Building better AI agents, fast (and safely)
Here’s why the next decade of AI will be shaped by trust, not just technology, writes Elma O’Sullivan-Greene.
Walk into any tech meet-up in 2025 and you’ll hear the same buzzword: agents. These are the next wave of artificial intelligence; programs designed not just to respond to our questions, but to take initiative and act on our behalf. Depending on who you ask, they’re about to run our businesses and plan our lives. The hype is loud. The reality is more subtle – and more interesting.
If last year was the “year of the agent”, the next 10 will be the decade of the agent: slower, steadier, and ultimately more useful. Success won’t come from flashy demos, but from building systems that real people can trust and use, especially in industries where mistakes have serious consequences, like accounting, health, or law.
Beyond the buzz
So what exactly is an “agent”? Think of it as a spectrum. At one end, you have simple agents that can handle repetitive but useful tasks: scanning receipts, sorting emails, or pulling data from documents. At the other end are more ambitious systems designed to make multistep decisions, like doing your taxes with minimal input. Neither end is inherently “better”. It’s about choosing the right tool for the job.
Why context matters
Here’s a hidden challenge: agents are greedy for context. They don’t just need the question you ask; they often want all the related information. Past conversations, tool descriptions, and decision history. This quickly gets messy. Imagine a friend who insists on rehashing every detail of every past conversation before answering a simple question. That’s what bloated agents can feel like: slow, costly, and confusing.

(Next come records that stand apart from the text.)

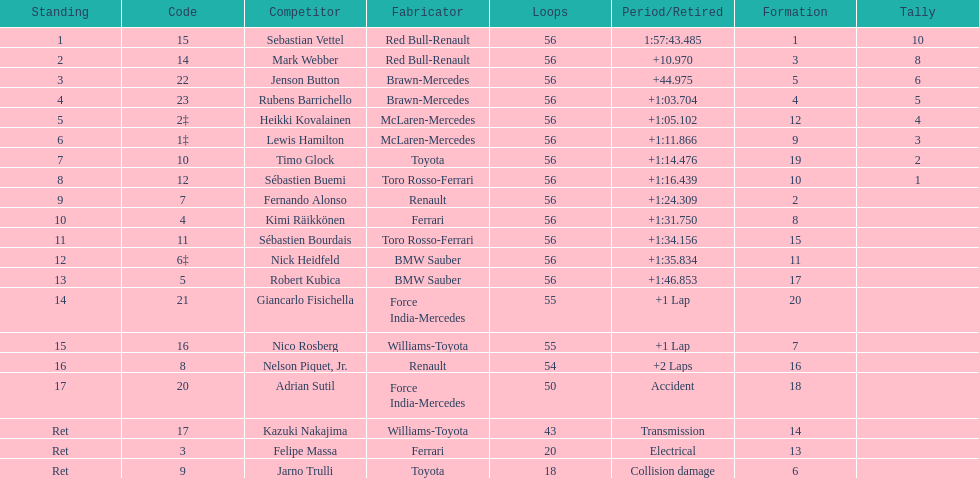What name is just previous to kazuki nakjima on the list? Adrian Sutil. 
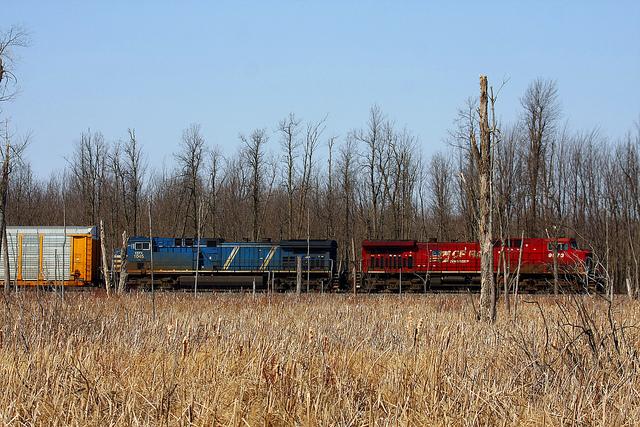What is the color of the train in the front?
Keep it brief. Red. How many trees are behind the train?
Concise answer only. Many. Is this a passenger train?
Give a very brief answer. No. 
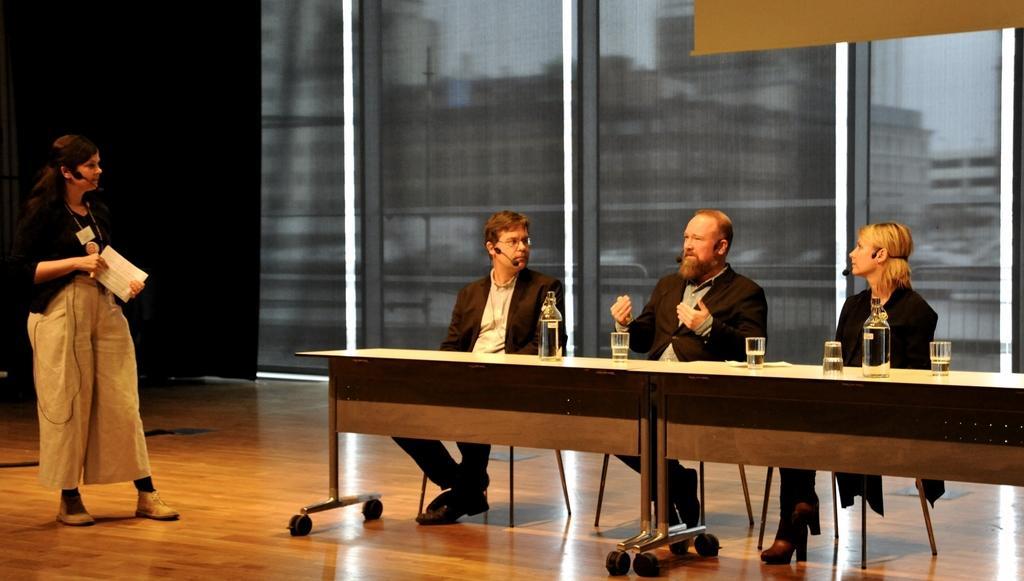Can you describe this image briefly? In this image I can see four people where one is standing and rest are sitting on chairs. Here on this table I can see few bottles and few glasses. I can also see all of them are wearing mics and here I can see she is holding a paper. 
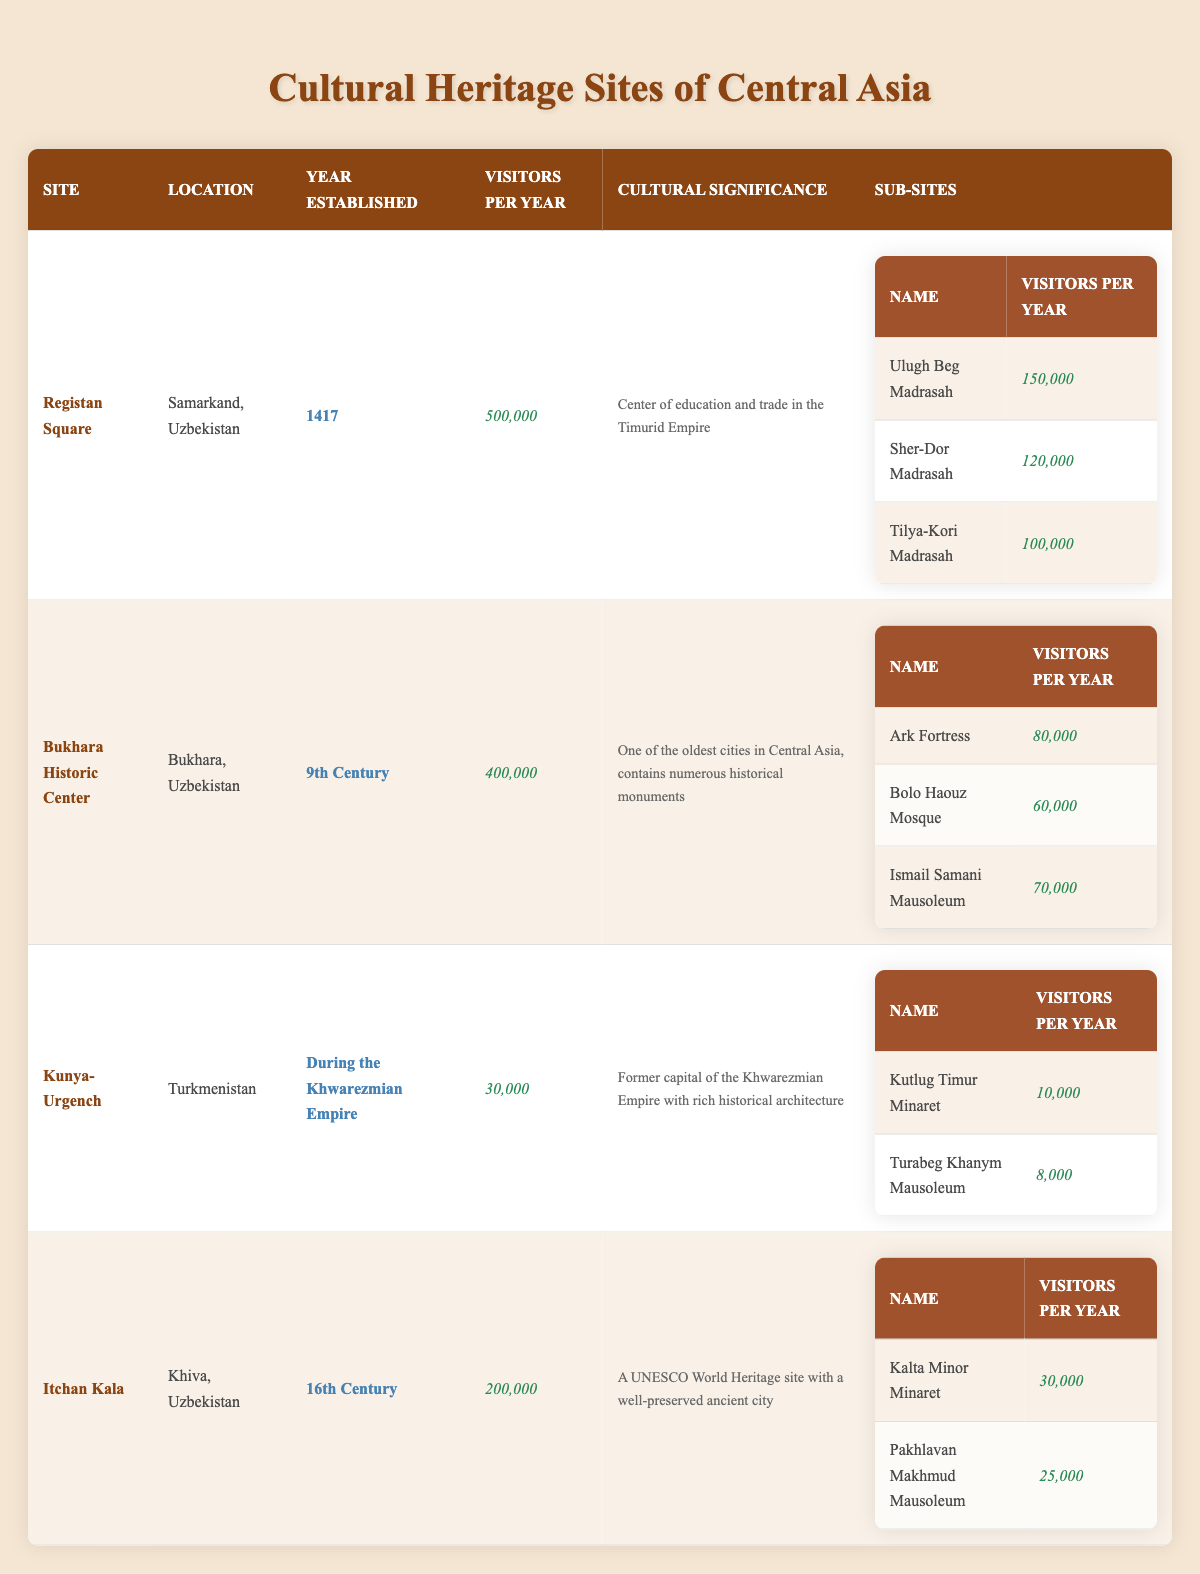What is the total number of visitors per year for Registan Square? The table shows that Registan Square receives 500,000 visitors per year.
Answer: 500,000 Which site has the highest number of visitors per year? The data indicates that Registan Square has 500,000 visitors, which is more than any other site listed.
Answer: Registan Square How many visitors does the Itchan Kala receive compared to Kunya-Urgench? Itchan Kala receives 200,000 visitors while Kunya-Urgench receives 30,000 visitors. The difference is (200,000 - 30,000) = 170,000.
Answer: 170,000 Is the Bukhara Historic Center older than Itchan Kala? Bukhara Historic Center was established in the 9th century, while Itchan Kala was established in the 16th century, making Bukhara older.
Answer: Yes What is the combined number of visitors for all the sub-sites of Registan Square? The sub-sites of Registan Square are Ulugh Beg Madrasah (150,000), Sher-Dor Madrasah (120,000), and Tilya-Kori Madrasah (100,000). Adding these gives (150,000 + 120,000 + 100,000) = 370,000 visitors for all sub-sites.
Answer: 370,000 Which site has fewer visitors: Kunya-Urgench or Itchan Kala? Kunya-Urgench has 30,000 visitors while Itchan Kala has 200,000 visitors. Clearly, Kunya-Urgench has fewer visitors.
Answer: Kunya-Urgench By how much do the visitors of Bukhara Historic Center exceed the visitors of Kunya-Urgench? Bukhara Historic Center has 400,000 visitors, and Kunya-Urgench has 30,000 visitors. The difference is (400,000 - 30,000) = 370,000.
Answer: 370,000 Is the Ark Fortress one of the sub-sites under Registan Square? The Ark Fortress is listed as a sub-site of Bukhara Historic Center, not Registan Square.
Answer: No

A practical fix is to keep them on a leash. Break tasks into smaller steps and only save what’s essential at each stage. For example, instead of logging every twist and turn of how an AI decided a bank transfer was suspicious, just keep the verdict (“suspicious”) and the short reason (“unusually large amount”). Clear, simple, and easy to check later. Less noise, more signal.
The value of quick feedback
One of the biggest lessons from building agents is that you don’t need giant amounts of data to get started. In fact, small, realistic examples often teach you the most. Run a few real‑world tests, see where the agent goes wrong, and fix it. Repeat. The cycle of small mistakes and quick corrections is far more valuable than waiting months for a “perfect” benchmark suite.

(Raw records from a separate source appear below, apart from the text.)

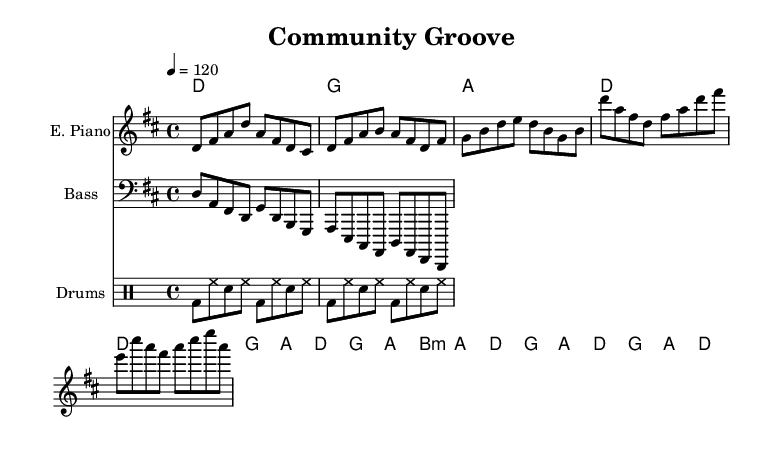What is the key signature of this music? The music is in D major, which has two sharps (F# and C#). This can be identified from the explicit key signature indicated at the beginning of the staff.
Answer: D major What is the time signature? The time signature is 4/4, as indicated in the music notation. This means there are four beats in each measure, and the quarter note gets one beat.
Answer: 4/4 What is the tempo marking given in the music? The tempo marking states "4 = 120," indicating that a quarter note is to be played at 120 beats per minute. This is located at the beginning of the score.
Answer: 120 How many measures does the verse section contain? The verse section is made up of 8 measures as noted when examining the provided electric piano staff and the chord changes during that section.
Answer: 8 Which instrument plays the introductory chord progression? The electric piano plays the introductory chord progression, as noted in the first staff, which outlines the chord changes for the intro.
Answer: Electric piano What musical style does this piece represent? This piece represents the Disco style, characterized by its upbeat tempo, syncopated bass lines, and distinctive drum patterns, which are typical of disco music.
Answer: Disco How many different chord changes are in the chorus section? The chorus section contains 6 distinct chord changes, which can be counted by analyzing the chord symbols above the music for that section.
Answer: 6 
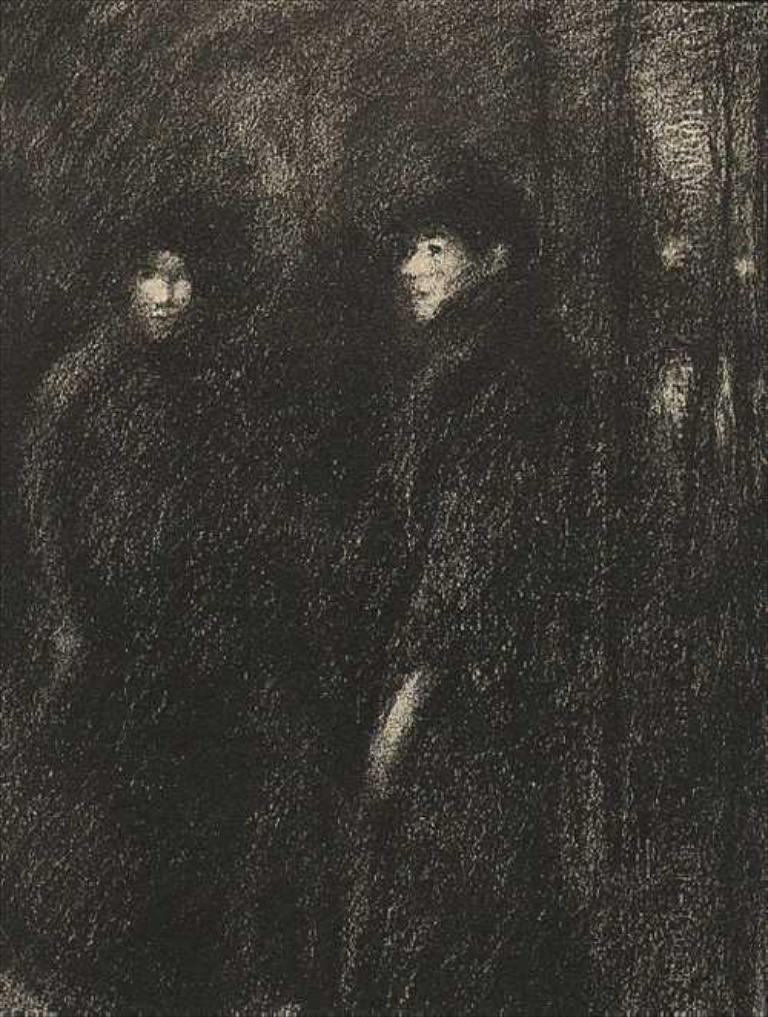What type of artwork is depicted in the image? The image contains a sketch. What type of insect can be seen protesting in the image? There is no insect or protest present in the image; it contains a sketch. What sound does the alarm make in the image? There is no alarm present in the image; it contains a sketch. 
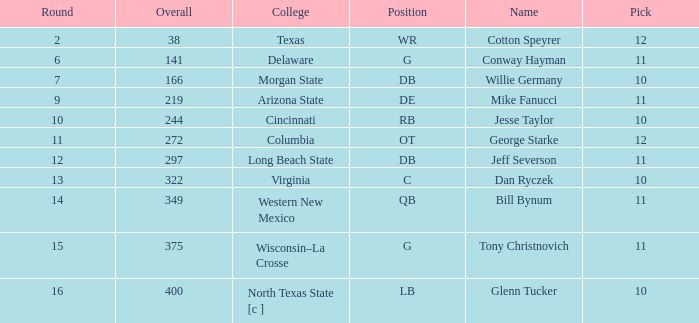What is the lowest round for an overall pick of 349 with a pick number in the round over 11? None. 
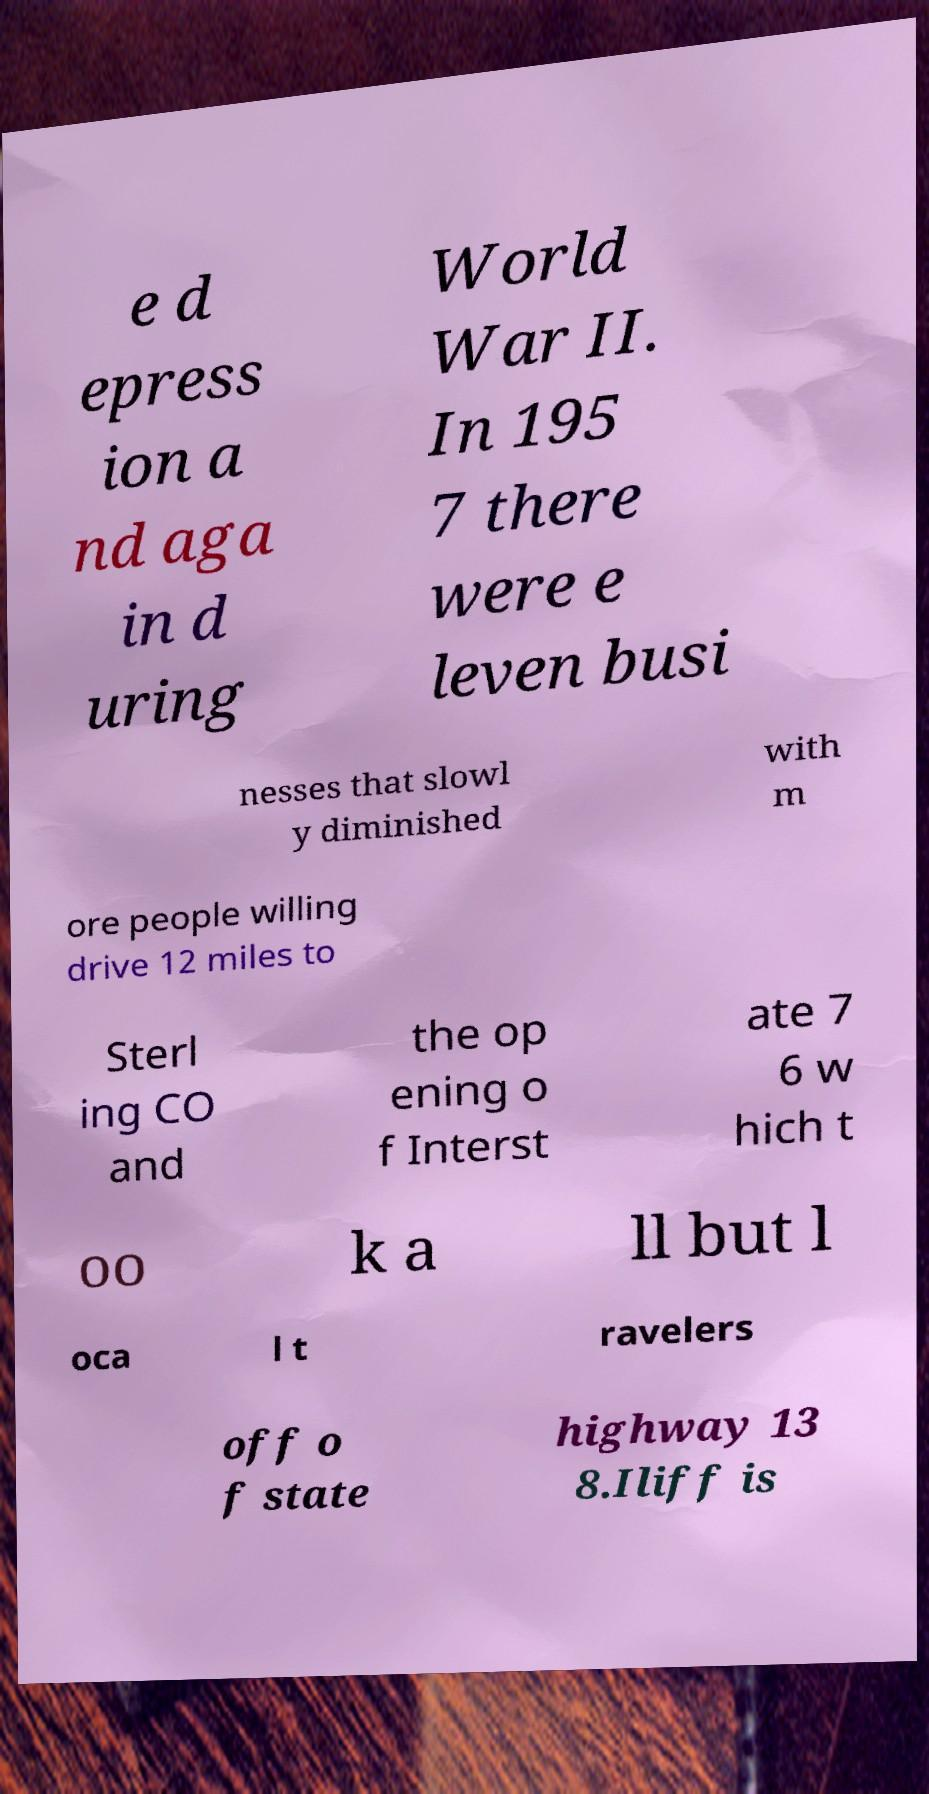Please read and relay the text visible in this image. What does it say? e d epress ion a nd aga in d uring World War II. In 195 7 there were e leven busi nesses that slowl y diminished with m ore people willing drive 12 miles to Sterl ing CO and the op ening o f Interst ate 7 6 w hich t oo k a ll but l oca l t ravelers off o f state highway 13 8.Iliff is

Just as important: measure success the way a customer would. In accounting, no one cares if the software nailed step three of a process. They care whether the final numbers are right. Did the balance match? Did the report make sense? Focusing on end results keeps teams honest and aligned with real value.
Handling mistakes safely
It’s no secret that AI sometimes “hallucinates”, producing confident answers that are completely wrong. We’ve seen stories of chatbots inventing fake legal cases or accounting tools drifting into error over time. The answer isn’t to panic. It’s to design for mistakes.
That means:
- Always keeping a human in the loop for sensitive actions like moving money or filing taxes.
- Being honest in the interface: don’t present guesses as facts, and let the system say, “I’m not sure.”
- Using traditional software for the parts of a process that demand precision, like calculating dollar amounts.
- Limiting what outside systems an agent can access, so it doesn’t run wild.
Simple, auditable records
For industries like accounting, transparency is non‑negotiable. Regulators and customers don’t want a rambling transcript of every thought an AI agent has. They want a clear trail: the inputs, the decision, the reason, and any human checks. By focusing on saving only the key points, companies can create records that are both trustworthy and easy to audit.
The internet question
In the 1990s graduates were asked in job interviews, “Can you do the internet?” Today, the equivalent question is, “Can you do agents?” It’s the wrong question. What matters isn’t whether you can use the latest buzzword. It’s what problems you can solve with it, and whether the results help people in their daily work. In a few years, we might not even say “agents” at all. We’ll just talk about better, more natural software experiences.
Here are six lessons I have found useful:
- Pick meaningful problems. If an agent can work in a highly regulated space like finance, it will work elsewhere.
- Design the human experience first. How people correct or confirm results is half the value.
- Start small. Build step‑by‑step workflows instead of giant “do everything” systems.
- Measure what matters. Focus on outcomes customers care about: accuracy, time saved, and trust earned.
- Stay cautious. Give agents limited freedom until they’ve earned more.
- Keep learning. Review mistakes weekly and use feedback to improve.
The next decade of AI won’t be remembered for endless hype or bigger and bigger models. It will be remembered for the teams who treated autonomy as a design choice, not a given, and who built systems that made work simpler, safer, and more human. The future of agents will arrive not when they can do everything, but when people barely notice they’re there at all. Because the experience simply works.
Elma O’Sullivan-Greene is the principal machine learning engineer at MYOB.